◆ **TASK TO CARRY OUT**: Return the data exactly, without pictures.

◆ **DATA TO PROCESS**:

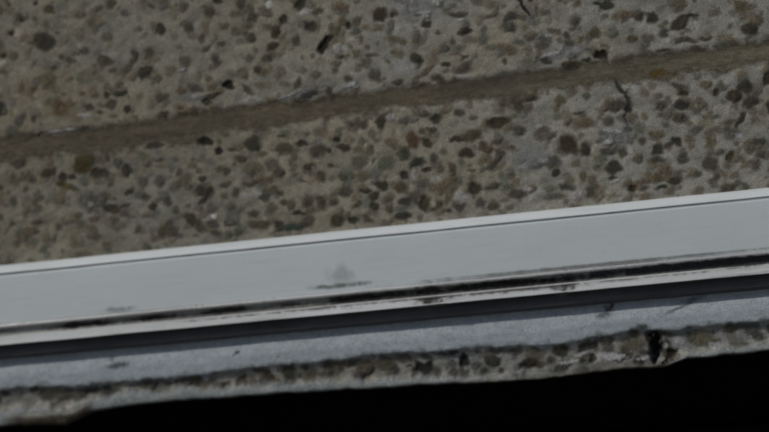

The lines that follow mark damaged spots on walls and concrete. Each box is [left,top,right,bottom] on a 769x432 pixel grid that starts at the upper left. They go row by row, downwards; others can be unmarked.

crack [518,0,530,15]
crack [614,80,631,137]
spalling [560,350,626,364]
spalling [637,332,684,365]
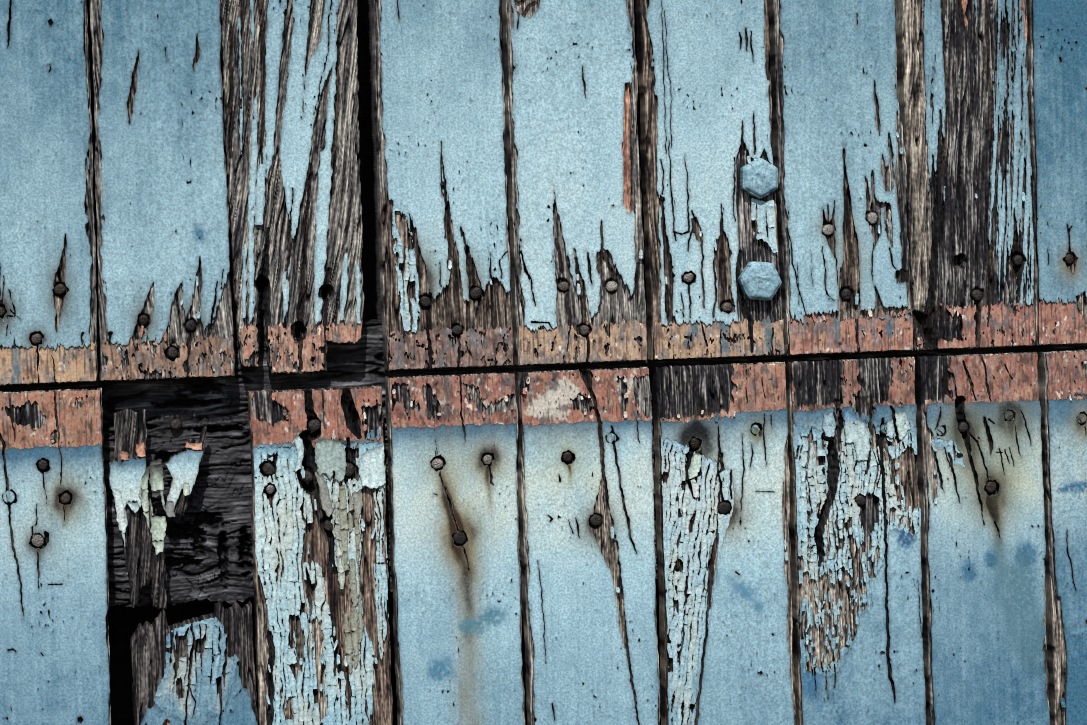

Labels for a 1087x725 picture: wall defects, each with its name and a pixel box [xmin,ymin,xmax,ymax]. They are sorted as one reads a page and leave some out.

peeling [153,0,364,379]
peeling [804,0,1034,323]
rust [52,484,81,516]
peeling [112,459,190,555]
peeling [216,602,271,725]
peeling [292,479,392,725]
peeling [358,169,530,441]
rust [440,473,479,644]
rust [475,445,501,490]
crack [390,0,1072,725]
peeling [782,459,879,669]
rust [950,409,1008,540]
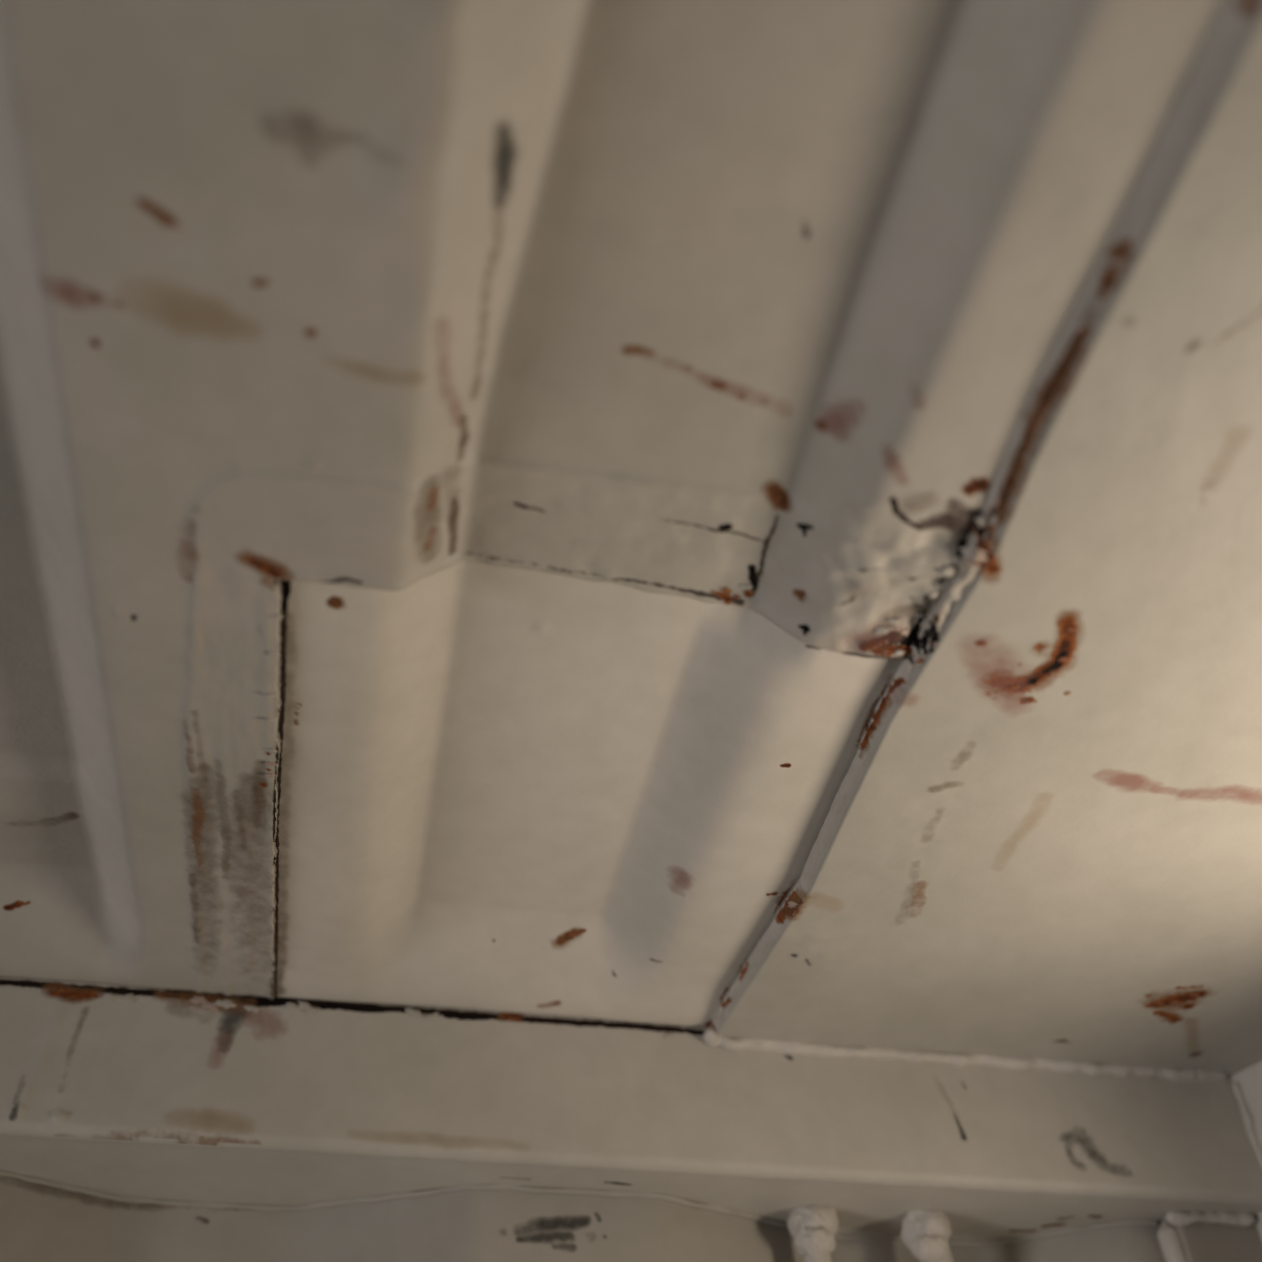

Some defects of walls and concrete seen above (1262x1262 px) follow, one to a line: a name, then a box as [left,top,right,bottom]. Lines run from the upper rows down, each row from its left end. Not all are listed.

peeling [796,523,813,537]
peeling [890,477,991,577]
corrosion [240,555,291,600]
crack [322,576,363,584]
crack [805,645,915,664]
peeling [872,626,920,657]
corrosion [984,613,1079,705]
corrosion [857,678,905,750]
crack [0,591,704,1039]
corrosion [766,886,805,924]
corrosion [556,928,586,945]
corrosion [1145,986,1207,1024]

◆ **RESPONSE BOX**:
The lines that follow mark damaged spots on walls and concrete. Each box is [left,top,right,bottom] on a 769x432 pixel grid that starts at the upper left. They go row by row, downwards; others can be unmarked.

crack [518,0,530,15]
crack [614,80,631,137]
spalling [560,350,626,364]
spalling [637,332,684,365]

Labels for a 1087x725 picture: wall defects, each with its name and a pixel box [xmin,ymin,xmax,ymax]. They are sorted as one reads a page and leave some out.

peeling [153,0,364,379]
peeling [804,0,1034,323]
rust [52,484,81,516]
peeling [112,459,190,555]
peeling [216,602,271,725]
peeling [292,479,392,725]
peeling [358,169,530,441]
rust [440,473,479,644]
rust [475,445,501,490]
crack [390,0,1072,725]
peeling [782,459,879,669]
rust [950,409,1008,540]

Some defects of walls and concrete seen above (1262x1262 px) follow, one to a line: a name, then a box as [left,top,right,bottom]. Lines run from the upper rows down, each row from its left end. Not all are listed.

peeling [796,523,813,537]
peeling [890,477,991,577]
corrosion [240,555,291,600]
crack [322,576,363,584]
crack [805,645,915,664]
peeling [872,626,920,657]
corrosion [984,613,1079,705]
corrosion [857,678,905,750]
crack [0,591,704,1039]
corrosion [766,886,805,924]
corrosion [556,928,586,945]
corrosion [1145,986,1207,1024]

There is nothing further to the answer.